### GIVEN DATA

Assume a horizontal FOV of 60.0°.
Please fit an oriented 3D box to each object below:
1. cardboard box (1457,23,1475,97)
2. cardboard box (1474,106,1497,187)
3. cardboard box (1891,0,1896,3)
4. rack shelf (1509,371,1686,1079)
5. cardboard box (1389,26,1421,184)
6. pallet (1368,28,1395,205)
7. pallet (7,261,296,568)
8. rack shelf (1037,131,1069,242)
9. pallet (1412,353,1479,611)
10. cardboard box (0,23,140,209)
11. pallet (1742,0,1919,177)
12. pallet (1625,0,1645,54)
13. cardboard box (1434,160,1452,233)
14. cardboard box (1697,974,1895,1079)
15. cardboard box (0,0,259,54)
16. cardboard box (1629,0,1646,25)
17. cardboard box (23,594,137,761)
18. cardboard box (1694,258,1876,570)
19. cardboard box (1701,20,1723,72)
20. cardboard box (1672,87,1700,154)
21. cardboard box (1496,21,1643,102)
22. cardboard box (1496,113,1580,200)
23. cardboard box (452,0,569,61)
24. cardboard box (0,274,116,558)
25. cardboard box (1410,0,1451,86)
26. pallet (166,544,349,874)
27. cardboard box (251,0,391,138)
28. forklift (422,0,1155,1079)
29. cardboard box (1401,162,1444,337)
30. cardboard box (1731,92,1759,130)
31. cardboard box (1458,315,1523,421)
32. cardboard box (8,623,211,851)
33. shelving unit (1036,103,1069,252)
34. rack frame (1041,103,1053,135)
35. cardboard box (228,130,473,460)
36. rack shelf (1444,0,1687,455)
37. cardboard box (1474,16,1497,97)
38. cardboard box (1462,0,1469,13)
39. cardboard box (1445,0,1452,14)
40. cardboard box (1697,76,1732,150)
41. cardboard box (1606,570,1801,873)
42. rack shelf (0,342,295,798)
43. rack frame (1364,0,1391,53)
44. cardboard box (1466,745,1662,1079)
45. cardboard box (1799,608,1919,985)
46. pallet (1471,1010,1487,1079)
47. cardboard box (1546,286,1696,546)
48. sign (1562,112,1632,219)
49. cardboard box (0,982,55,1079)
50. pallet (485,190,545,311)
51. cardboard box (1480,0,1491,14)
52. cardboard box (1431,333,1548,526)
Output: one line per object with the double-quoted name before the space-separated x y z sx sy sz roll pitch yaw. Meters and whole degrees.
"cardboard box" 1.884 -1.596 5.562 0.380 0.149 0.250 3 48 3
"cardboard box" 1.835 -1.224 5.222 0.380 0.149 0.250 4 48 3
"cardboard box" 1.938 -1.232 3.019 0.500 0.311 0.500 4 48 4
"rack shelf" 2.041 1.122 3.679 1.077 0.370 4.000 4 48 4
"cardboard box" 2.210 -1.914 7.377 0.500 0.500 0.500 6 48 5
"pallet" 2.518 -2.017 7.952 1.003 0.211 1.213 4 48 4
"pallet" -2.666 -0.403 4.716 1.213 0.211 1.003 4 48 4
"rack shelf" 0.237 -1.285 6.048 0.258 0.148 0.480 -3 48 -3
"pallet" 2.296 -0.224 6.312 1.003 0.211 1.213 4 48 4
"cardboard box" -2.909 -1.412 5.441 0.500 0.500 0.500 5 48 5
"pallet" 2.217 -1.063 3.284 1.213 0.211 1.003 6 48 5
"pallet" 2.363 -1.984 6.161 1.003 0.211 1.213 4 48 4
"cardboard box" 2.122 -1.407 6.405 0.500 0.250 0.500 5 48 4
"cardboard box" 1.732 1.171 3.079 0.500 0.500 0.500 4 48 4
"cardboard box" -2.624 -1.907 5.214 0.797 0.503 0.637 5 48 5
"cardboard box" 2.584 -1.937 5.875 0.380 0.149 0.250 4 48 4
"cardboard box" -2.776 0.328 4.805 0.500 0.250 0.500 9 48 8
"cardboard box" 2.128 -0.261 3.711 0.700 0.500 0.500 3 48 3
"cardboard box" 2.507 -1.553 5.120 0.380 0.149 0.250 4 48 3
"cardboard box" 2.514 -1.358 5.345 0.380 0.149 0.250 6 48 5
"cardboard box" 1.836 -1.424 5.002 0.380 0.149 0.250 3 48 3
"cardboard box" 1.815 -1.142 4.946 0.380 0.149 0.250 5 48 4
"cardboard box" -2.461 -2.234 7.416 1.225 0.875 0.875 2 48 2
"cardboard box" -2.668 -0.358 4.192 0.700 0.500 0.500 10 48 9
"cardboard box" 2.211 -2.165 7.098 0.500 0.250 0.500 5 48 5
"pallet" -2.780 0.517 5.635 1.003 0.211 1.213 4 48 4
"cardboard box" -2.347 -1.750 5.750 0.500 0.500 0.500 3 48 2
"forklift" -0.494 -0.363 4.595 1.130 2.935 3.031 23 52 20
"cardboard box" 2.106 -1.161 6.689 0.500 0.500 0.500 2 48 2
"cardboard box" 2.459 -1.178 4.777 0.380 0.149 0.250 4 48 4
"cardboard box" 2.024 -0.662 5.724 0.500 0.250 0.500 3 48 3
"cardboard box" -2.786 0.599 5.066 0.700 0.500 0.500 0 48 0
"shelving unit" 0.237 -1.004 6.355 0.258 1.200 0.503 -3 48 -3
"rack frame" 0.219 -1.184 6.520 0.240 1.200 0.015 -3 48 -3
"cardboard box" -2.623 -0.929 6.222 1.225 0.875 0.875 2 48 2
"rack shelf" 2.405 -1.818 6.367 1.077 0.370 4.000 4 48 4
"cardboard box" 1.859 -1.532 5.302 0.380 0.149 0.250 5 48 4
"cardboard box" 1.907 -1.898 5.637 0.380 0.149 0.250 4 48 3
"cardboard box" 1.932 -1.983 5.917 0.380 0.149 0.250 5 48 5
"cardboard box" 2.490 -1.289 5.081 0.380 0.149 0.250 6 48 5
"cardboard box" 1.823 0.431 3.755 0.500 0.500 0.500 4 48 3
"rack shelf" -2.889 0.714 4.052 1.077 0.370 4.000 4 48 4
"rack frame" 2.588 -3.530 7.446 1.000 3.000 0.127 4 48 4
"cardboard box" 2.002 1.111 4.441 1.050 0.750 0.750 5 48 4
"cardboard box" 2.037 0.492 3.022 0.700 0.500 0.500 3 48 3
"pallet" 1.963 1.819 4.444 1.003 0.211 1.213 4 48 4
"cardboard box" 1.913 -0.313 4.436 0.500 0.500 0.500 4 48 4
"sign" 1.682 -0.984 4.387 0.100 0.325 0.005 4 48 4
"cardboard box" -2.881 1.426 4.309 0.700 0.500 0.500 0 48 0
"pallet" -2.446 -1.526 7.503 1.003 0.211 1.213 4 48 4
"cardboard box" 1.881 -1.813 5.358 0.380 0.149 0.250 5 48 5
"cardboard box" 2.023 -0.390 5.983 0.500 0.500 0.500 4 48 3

######

◆ WHAT YOU WILL DO
All lines in the data above from the one with "16. cardboard box (1629,0,1646,25)" through the one with "52. cardboard box (1431,333,1548,526)" must be repeated exactly, and no others.

◆ RESPONSE BELOW
16. cardboard box (1629,0,1646,25)
17. cardboard box (23,594,137,761)
18. cardboard box (1694,258,1876,570)
19. cardboard box (1701,20,1723,72)
20. cardboard box (1672,87,1700,154)
21. cardboard box (1496,21,1643,102)
22. cardboard box (1496,113,1580,200)
23. cardboard box (452,0,569,61)
24. cardboard box (0,274,116,558)
25. cardboard box (1410,0,1451,86)
26. pallet (166,544,349,874)
27. cardboard box (251,0,391,138)
28. forklift (422,0,1155,1079)
29. cardboard box (1401,162,1444,337)
30. cardboard box (1731,92,1759,130)
31. cardboard box (1458,315,1523,421)
32. cardboard box (8,623,211,851)
33. shelving unit (1036,103,1069,252)
34. rack frame (1041,103,1053,135)
35. cardboard box (228,130,473,460)
36. rack shelf (1444,0,1687,455)
37. cardboard box (1474,16,1497,97)
38. cardboard box (1462,0,1469,13)
39. cardboard box (1445,0,1452,14)
40. cardboard box (1697,76,1732,150)
41. cardboard box (1606,570,1801,873)
42. rack shelf (0,342,295,798)
43. rack frame (1364,0,1391,53)
44. cardboard box (1466,745,1662,1079)
45. cardboard box (1799,608,1919,985)
46. pallet (1471,1010,1487,1079)
47. cardboard box (1546,286,1696,546)
48. sign (1562,112,1632,219)
49. cardboard box (0,982,55,1079)
50. pallet (485,190,545,311)
51. cardboard box (1480,0,1491,14)
52. cardboard box (1431,333,1548,526)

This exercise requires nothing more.